“O caráter laico é constantemente ameaçado”, alerta Elza Campos

Confira a segunda e última parte da entrevista exclusiva concedida por Elza Maria Campos ao Portal Vermelho. A militante comunista esta a frente da União Brasileira de Mulheres (UBM), que completa 25 anos de existência em 2013. Nesta segunda parte, ela fala sobre Lei Maria da Penha, CPMI da Violência Contra a Mulher e laicidade do Estado.

Elza Campos
Elza Campos, que é graduada em Serviço Social pela Universidade Estadual de Ponta Grossa, mestre em Educação e Trabalho pela Universidade Federal do Paraná, coordena a UBM desde 2011 e acumula a função de professora universitária e conselheira do Conselho Estadual dos Direitos da Mulher (do Paraná). 
 
 

A UBM receberá uma homenagem nesta segunda-feira (12) do Congresso Nacional pelos seus 25 anos.

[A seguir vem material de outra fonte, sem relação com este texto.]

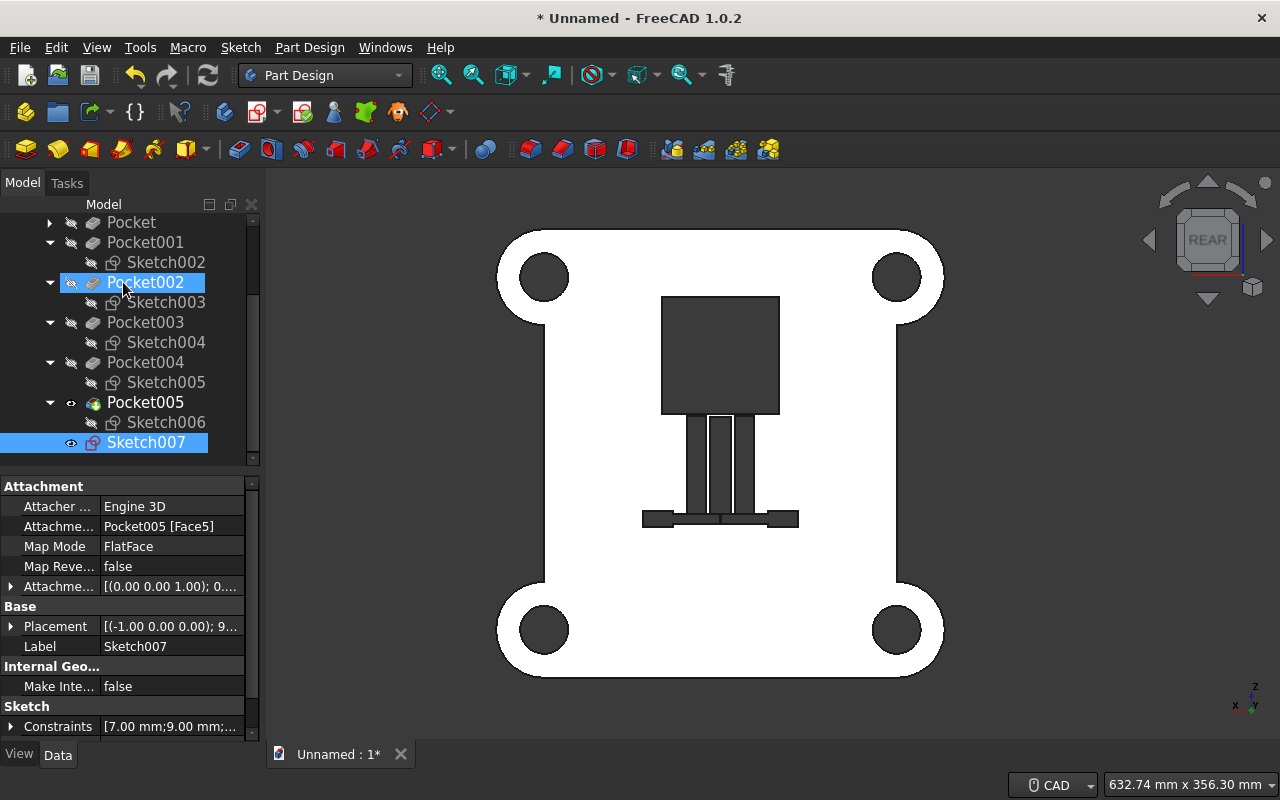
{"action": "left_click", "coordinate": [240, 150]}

A homenagem é uma iniciativa do Senado Federal, a partir da senadora Vanessa Grazziotin (PCdoB-AM), e da Câmara Federal, via mandato da deputada federal Jô Moraes (PCdoB-MG). Ela acontecerá às 10 horas, no Plenarinho do Senado, em Brasília (DF). Dezenas de militantes de todo o país são esperadas.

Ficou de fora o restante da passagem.